▼
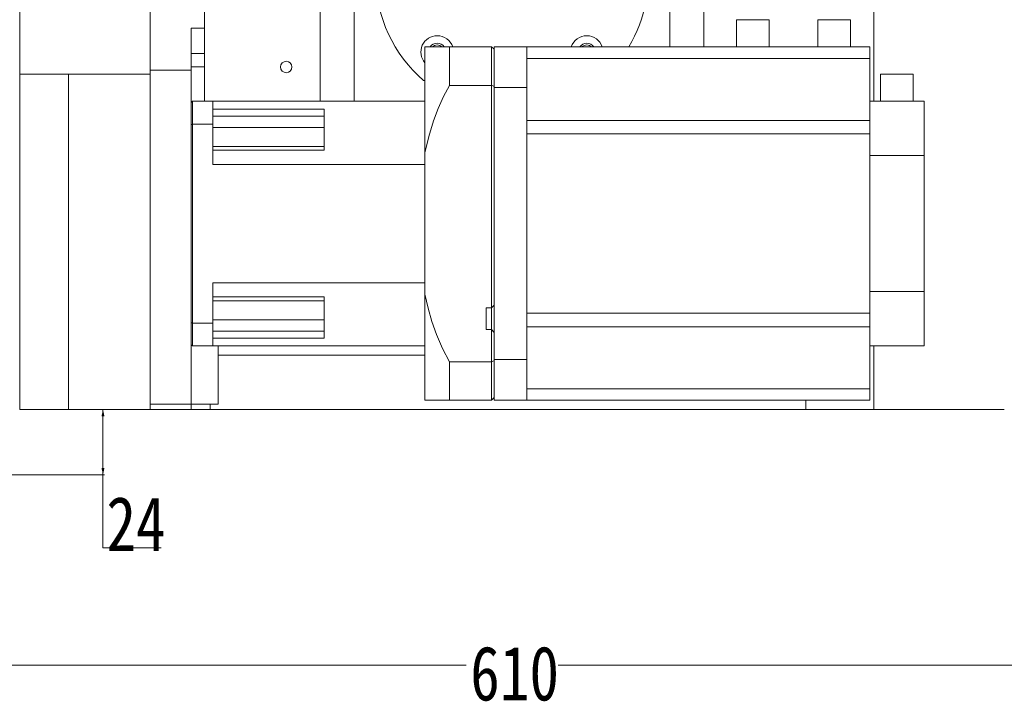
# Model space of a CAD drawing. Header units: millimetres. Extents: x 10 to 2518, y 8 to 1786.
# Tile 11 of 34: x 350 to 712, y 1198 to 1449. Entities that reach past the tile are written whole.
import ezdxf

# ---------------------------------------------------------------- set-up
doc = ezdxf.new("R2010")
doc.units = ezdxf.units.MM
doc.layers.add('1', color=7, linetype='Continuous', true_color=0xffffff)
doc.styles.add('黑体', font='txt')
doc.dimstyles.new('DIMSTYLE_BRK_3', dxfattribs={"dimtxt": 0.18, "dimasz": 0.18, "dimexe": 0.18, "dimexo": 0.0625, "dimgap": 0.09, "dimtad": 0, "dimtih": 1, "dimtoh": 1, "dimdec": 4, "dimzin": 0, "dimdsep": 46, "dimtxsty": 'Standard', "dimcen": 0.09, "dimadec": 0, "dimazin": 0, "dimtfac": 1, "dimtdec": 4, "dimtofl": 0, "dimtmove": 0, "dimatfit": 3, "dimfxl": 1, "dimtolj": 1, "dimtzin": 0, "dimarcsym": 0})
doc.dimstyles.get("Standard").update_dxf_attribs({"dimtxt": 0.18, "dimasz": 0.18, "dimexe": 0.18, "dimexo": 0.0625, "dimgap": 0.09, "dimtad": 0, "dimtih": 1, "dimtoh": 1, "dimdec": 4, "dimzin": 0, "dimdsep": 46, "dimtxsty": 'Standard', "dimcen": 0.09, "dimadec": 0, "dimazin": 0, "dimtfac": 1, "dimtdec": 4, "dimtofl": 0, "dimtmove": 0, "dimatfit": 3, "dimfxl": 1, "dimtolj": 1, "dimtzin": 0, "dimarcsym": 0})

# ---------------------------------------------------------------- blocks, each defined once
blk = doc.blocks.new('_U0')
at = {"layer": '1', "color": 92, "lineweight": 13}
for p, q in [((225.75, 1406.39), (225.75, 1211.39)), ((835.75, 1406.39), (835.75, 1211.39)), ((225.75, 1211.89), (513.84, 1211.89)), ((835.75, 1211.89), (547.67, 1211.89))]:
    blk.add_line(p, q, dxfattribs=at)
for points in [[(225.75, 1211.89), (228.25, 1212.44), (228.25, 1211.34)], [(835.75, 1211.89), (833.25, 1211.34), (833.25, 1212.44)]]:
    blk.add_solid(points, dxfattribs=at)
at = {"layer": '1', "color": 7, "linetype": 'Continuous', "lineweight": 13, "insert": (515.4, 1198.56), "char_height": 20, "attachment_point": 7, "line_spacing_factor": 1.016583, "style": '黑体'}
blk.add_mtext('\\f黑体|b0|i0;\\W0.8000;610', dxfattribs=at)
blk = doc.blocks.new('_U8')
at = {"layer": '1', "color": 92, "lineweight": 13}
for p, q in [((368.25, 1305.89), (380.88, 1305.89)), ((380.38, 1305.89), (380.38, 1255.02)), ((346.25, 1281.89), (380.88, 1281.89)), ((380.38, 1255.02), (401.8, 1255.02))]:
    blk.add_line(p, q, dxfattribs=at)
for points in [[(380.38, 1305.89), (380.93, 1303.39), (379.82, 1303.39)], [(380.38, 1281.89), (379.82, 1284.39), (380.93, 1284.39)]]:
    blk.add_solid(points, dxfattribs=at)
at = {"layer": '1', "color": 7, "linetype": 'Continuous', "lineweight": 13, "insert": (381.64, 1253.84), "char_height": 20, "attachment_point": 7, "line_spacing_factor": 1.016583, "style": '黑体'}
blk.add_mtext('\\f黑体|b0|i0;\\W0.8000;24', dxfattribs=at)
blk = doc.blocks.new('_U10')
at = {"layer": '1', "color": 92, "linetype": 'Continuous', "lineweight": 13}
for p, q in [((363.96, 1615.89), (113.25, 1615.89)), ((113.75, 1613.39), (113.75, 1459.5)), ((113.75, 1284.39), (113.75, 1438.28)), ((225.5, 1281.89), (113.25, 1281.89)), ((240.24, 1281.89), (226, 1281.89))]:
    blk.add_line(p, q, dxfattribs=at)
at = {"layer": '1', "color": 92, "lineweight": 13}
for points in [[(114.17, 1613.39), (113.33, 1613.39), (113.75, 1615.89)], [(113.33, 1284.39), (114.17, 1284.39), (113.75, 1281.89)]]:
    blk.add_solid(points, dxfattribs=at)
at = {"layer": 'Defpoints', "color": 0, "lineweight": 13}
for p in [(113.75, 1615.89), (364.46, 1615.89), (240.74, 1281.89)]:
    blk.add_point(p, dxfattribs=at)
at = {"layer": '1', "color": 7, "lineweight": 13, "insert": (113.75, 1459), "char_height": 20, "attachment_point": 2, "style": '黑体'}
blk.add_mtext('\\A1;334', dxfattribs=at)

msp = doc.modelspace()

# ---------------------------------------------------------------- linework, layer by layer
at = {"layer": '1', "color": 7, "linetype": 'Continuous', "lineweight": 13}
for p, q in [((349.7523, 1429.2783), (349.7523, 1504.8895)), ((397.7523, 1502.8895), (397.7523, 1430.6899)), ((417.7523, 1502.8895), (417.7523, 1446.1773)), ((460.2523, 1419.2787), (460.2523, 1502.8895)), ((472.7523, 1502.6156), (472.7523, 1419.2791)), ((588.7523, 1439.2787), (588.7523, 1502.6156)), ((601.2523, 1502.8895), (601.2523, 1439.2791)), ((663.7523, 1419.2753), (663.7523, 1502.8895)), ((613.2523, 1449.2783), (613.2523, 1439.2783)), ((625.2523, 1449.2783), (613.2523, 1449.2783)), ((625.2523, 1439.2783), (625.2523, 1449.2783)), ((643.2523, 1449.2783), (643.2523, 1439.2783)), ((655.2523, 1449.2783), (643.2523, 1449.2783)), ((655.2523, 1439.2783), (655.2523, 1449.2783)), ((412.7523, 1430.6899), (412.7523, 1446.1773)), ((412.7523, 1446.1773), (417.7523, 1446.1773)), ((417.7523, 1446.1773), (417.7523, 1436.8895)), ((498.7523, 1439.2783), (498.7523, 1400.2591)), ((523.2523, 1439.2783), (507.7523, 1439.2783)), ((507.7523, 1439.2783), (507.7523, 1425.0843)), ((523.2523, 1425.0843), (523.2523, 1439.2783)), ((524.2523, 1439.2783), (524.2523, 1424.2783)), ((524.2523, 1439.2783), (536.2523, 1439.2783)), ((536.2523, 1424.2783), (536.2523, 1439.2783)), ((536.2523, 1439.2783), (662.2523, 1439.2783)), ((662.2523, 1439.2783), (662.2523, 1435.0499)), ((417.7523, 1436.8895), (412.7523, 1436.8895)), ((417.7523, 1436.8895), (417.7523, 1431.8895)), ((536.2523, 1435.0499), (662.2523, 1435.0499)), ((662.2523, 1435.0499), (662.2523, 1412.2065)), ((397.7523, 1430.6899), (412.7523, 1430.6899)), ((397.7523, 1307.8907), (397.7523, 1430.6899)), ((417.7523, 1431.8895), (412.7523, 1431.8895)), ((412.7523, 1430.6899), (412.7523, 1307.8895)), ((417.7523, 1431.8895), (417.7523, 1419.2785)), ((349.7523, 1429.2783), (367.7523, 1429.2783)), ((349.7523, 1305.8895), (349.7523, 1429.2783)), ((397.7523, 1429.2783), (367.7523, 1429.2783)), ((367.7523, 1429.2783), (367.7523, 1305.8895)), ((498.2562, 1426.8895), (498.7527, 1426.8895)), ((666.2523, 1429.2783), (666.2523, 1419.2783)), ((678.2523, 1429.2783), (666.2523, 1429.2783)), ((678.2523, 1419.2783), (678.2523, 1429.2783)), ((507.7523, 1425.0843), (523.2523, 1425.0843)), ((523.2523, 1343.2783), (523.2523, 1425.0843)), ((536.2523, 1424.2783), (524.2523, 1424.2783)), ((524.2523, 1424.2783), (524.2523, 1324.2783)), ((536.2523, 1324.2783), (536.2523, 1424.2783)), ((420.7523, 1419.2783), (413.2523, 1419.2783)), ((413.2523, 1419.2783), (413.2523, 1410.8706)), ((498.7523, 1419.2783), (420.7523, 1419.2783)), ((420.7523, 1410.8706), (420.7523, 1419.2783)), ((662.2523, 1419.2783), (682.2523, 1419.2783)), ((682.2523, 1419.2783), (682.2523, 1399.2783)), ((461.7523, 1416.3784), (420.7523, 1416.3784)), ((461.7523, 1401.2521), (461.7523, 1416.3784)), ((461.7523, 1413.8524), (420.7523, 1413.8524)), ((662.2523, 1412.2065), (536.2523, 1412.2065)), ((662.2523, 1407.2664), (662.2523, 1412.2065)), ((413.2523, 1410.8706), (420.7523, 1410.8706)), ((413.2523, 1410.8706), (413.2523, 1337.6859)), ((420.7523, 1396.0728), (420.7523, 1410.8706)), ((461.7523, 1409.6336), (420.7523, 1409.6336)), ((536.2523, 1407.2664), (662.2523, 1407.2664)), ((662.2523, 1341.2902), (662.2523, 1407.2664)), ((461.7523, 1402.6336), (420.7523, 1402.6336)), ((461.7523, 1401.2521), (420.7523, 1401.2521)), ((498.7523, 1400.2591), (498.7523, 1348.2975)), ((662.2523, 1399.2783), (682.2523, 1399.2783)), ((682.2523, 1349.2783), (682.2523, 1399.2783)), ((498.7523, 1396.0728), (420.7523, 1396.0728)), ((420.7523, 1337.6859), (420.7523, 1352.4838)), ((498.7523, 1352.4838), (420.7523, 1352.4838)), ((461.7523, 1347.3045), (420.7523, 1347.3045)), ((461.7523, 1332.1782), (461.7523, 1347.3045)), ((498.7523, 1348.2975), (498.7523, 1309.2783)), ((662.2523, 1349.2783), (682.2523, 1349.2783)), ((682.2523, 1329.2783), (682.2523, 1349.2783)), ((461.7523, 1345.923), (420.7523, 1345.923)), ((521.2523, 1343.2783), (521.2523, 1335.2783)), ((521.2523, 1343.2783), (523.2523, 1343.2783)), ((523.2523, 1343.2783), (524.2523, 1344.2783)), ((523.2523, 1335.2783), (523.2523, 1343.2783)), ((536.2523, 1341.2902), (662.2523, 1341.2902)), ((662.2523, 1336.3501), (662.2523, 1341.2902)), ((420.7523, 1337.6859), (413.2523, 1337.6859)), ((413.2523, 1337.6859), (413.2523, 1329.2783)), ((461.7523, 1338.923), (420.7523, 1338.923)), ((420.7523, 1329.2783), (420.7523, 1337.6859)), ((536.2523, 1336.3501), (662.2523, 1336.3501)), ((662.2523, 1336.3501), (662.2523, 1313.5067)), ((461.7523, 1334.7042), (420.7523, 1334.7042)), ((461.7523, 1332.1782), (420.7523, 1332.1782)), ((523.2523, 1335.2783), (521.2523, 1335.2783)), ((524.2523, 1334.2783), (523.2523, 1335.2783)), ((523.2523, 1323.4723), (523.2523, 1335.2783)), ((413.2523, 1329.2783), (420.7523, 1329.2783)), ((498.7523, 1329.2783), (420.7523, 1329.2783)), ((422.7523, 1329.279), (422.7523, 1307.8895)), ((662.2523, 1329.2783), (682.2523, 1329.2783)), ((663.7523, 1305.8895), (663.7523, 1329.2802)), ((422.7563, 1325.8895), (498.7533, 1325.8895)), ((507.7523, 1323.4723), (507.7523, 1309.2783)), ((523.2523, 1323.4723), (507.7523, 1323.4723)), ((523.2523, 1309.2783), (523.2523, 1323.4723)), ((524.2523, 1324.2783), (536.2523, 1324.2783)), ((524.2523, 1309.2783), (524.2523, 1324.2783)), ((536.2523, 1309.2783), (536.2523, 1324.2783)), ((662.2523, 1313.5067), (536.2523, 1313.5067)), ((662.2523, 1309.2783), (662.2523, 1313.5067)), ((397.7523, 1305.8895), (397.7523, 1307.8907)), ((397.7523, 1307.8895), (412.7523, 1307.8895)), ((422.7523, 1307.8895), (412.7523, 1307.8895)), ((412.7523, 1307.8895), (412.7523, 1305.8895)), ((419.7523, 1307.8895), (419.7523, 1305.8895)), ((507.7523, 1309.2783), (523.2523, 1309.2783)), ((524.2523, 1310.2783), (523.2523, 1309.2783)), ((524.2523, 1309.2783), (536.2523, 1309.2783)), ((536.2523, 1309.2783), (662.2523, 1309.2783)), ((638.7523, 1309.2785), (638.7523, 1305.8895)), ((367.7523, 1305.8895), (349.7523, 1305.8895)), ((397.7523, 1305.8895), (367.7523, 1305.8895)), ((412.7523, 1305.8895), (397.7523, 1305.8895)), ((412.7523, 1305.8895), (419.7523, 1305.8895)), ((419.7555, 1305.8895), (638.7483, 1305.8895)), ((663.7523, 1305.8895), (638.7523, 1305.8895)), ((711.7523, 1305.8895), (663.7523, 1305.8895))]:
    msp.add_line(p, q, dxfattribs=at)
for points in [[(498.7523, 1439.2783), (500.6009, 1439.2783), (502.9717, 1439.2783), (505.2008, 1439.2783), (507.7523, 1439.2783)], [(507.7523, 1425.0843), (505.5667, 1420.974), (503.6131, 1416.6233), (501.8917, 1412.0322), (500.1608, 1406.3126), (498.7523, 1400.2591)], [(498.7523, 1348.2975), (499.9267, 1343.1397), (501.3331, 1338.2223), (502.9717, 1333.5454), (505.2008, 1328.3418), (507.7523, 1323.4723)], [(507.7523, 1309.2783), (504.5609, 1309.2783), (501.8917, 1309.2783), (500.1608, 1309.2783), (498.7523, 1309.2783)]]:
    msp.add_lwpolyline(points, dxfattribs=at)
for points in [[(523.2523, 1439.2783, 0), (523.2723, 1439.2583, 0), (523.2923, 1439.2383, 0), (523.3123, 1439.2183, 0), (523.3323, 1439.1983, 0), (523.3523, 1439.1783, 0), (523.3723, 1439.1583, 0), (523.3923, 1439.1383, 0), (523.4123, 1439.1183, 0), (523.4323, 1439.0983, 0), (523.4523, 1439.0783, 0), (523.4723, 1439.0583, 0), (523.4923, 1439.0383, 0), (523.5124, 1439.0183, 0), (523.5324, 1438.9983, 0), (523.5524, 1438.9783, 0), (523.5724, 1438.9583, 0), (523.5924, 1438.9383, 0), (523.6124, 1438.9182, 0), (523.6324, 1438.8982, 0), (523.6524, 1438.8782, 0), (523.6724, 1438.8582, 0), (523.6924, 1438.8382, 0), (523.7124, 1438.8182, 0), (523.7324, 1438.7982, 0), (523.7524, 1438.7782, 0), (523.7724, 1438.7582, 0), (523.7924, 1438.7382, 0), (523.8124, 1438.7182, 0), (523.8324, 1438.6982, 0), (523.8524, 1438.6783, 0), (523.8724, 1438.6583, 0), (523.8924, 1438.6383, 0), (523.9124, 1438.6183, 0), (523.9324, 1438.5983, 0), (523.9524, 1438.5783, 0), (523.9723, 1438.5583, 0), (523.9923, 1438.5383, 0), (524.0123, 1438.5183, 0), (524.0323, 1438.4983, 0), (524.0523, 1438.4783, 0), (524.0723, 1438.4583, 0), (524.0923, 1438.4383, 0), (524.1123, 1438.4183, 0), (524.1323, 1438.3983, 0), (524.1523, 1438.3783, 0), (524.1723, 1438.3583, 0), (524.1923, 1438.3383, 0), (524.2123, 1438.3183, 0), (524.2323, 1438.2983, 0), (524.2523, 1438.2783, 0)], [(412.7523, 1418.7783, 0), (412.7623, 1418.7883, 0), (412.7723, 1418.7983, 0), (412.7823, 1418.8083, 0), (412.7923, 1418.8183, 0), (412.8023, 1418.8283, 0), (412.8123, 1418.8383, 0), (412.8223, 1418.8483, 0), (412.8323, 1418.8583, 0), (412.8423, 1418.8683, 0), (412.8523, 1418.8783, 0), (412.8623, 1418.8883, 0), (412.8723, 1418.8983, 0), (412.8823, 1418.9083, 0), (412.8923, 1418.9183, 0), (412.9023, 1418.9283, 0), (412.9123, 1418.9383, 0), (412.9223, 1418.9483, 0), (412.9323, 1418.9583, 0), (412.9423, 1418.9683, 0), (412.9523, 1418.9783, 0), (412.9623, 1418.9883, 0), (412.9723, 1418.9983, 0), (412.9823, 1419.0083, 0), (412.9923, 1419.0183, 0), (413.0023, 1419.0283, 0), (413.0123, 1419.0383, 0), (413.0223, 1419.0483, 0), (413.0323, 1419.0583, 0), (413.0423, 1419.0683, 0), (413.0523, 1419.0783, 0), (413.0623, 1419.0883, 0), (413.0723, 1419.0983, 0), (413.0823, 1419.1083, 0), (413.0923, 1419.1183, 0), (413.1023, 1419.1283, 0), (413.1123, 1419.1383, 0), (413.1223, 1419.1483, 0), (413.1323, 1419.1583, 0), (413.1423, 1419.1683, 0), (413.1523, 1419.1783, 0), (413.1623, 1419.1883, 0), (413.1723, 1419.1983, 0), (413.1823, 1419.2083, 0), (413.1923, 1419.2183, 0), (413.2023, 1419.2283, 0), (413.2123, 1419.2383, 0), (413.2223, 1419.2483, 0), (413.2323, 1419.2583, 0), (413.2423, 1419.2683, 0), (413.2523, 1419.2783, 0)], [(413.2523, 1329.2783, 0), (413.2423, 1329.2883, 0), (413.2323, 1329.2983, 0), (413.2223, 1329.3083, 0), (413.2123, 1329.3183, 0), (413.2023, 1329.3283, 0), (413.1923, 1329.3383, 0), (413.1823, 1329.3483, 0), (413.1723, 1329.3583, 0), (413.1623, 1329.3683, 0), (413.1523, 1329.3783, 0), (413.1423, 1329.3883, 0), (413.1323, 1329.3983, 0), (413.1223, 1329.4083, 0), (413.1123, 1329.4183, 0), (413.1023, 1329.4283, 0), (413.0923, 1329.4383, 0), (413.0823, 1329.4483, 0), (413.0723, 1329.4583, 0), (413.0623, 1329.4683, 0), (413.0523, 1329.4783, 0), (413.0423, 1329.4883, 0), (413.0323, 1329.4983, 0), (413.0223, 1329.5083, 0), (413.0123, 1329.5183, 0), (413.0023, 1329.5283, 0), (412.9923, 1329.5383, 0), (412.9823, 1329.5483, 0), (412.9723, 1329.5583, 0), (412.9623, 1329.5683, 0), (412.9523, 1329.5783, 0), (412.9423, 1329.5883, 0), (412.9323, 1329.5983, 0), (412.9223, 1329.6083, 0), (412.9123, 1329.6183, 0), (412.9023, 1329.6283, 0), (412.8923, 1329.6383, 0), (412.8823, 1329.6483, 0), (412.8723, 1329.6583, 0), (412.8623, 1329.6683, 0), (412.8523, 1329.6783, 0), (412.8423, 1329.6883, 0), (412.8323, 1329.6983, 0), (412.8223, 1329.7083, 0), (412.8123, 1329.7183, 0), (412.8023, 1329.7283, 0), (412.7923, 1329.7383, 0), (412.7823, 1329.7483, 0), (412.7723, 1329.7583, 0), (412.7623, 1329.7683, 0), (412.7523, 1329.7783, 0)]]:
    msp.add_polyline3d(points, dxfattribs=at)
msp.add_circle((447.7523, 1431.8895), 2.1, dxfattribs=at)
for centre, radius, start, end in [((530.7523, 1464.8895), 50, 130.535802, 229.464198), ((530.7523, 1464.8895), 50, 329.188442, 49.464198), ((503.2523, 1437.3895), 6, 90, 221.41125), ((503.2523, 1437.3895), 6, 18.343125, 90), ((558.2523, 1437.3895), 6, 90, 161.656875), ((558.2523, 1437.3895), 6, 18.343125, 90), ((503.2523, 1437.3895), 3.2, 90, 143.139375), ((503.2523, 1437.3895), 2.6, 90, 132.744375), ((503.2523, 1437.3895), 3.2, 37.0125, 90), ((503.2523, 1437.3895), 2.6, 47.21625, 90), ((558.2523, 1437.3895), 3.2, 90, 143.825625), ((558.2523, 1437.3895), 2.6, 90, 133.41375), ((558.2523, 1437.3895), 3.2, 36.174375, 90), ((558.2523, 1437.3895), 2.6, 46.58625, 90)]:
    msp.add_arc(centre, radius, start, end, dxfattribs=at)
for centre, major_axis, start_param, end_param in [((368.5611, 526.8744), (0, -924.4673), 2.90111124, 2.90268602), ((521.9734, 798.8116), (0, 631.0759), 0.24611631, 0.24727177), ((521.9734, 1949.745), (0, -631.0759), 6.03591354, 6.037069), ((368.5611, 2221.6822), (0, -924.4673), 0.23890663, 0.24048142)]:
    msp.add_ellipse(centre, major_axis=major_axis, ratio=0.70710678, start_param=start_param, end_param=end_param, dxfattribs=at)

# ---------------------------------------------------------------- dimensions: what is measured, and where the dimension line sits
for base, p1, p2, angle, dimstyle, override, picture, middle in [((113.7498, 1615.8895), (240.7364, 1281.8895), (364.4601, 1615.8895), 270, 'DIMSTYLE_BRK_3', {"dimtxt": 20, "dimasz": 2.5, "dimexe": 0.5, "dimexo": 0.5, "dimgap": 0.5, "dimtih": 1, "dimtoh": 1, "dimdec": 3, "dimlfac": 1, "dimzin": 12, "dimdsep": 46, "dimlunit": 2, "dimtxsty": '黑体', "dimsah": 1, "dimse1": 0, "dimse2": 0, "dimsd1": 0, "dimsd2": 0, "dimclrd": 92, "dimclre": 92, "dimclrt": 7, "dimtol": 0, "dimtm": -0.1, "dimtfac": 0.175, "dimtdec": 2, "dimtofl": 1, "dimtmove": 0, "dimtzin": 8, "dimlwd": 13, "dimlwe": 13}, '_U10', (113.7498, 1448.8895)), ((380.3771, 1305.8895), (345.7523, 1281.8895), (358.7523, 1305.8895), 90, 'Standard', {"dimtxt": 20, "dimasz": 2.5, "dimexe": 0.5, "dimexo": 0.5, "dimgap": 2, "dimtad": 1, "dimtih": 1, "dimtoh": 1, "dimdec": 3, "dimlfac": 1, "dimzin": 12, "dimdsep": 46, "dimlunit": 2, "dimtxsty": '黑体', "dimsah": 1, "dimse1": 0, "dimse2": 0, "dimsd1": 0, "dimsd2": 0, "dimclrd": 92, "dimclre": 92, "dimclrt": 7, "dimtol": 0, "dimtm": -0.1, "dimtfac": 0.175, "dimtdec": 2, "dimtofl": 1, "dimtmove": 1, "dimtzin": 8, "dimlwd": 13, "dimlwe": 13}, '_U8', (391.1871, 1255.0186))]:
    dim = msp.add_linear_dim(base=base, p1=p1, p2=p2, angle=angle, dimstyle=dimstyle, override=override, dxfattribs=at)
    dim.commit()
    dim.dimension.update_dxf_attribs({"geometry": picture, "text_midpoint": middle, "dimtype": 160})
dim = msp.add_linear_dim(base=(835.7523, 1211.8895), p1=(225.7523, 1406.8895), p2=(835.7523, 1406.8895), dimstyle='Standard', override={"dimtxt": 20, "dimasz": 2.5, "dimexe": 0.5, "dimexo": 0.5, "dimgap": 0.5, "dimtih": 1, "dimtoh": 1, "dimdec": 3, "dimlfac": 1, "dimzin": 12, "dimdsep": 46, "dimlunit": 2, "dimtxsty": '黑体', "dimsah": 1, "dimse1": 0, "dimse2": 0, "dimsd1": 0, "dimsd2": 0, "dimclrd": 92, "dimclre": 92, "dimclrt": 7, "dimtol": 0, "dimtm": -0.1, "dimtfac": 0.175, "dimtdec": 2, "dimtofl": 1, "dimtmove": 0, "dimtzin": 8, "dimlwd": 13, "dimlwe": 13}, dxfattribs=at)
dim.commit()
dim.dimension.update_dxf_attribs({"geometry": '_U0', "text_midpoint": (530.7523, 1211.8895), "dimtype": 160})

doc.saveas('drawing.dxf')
▲
Using the listing above, report each line that mentions the word "dimlfac".

for base, p1, p2, angle, dimstyle, override, picture, middle in [((113.7498, 1615.8895), (240.7364, 1281.8895), (364.4601, 1615.8895), 270, 'DIMSTYLE_BRK_3', {"dimtxt": 20, "dimasz": 2.5, "dimexe": 0.5, "dimexo": 0.5, "dimgap": 0.5, "dimtih": 1, "dimtoh": 1, "dimdec": 3, "dimlfac": 1, "dimzin": 12, "dimdsep": 46, "dimlunit": 2, "dimtxsty": '黑体', "dimsah": 1, "dimse1": 0, "dimse2": 0, "dimsd1": 0, "dimsd2": 0, "dimclrd": 92, "dimclre": 92, "dimclrt": 7, "dimtol": 0, "dimtm": -0.1, "dimtfac": 0.175, "dimtdec": 2, "dimtofl": 1, "dimtmove": 0, "dimtzin": 8, "dimlwd": 13, "dimlwe": 13}, '_U10', (113.7498, 1448.8895)), ((380.3771, 1305.8895), (345.7523, 1281.8895), (358.7523, 1305.8895), 90, 'Standard', {"dimtxt": 20, "dimasz": 2.5, "dimexe": 0.5, "dimexo": 0.5, "dimgap": 2, "dimtad": 1, "dimtih": 1, "dimtoh": 1, "dimdec": 3, "dimlfac": 1, "dimzin": 12, "dimdsep": 46, "dimlunit": 2, "dimtxsty": '黑体', "dimsah": 1, "dimse1": 0, "dimse2": 0, "dimsd1": 0, "dimsd2": 0, "dimclrd": 92, "dimclre": 92, "dimclrt": 7, "dimtol": 0, "dimtm": -0.1, "dimtfac": 0.175, "dimtdec": 2, "dimtofl": 1, "dimtmove": 1, "dimtzin": 8, "dimlwd": 13, "dimlwe": 13}, '_U8', (391.1871, 1255.0186))]:
dim = msp.add_linear_dim(base=(835.7523, 1211.8895), p1=(225.7523, 1406.8895), p2=(835.7523, 1406.8895), dimstyle='Standard', override={"dimtxt": 20, "dimasz": 2.5, "dimexe": 0.5, "dimexo": 0.5, "dimgap": 0.5, "dimtih": 1, "dimtoh": 1, "dimdec": 3, "dimlfac": 1, "dimzin": 12, "dimdsep": 46, "dimlunit": 2, "dimtxsty": '黑体', "dimsah": 1, "dimse1": 0, "dimse2": 0, "dimsd1": 0, "dimsd2": 0, "dimclrd": 92, "dimclre": 92, "dimclrt": 7, "dimtol": 0, "dimtm": -0.1, "dimtfac": 0.175, "dimtdec": 2, "dimtofl": 1, "dimtmove": 0, "dimtzin": 8, "dimlwd": 13, "dimlwe": 13}, dxfattribs=at)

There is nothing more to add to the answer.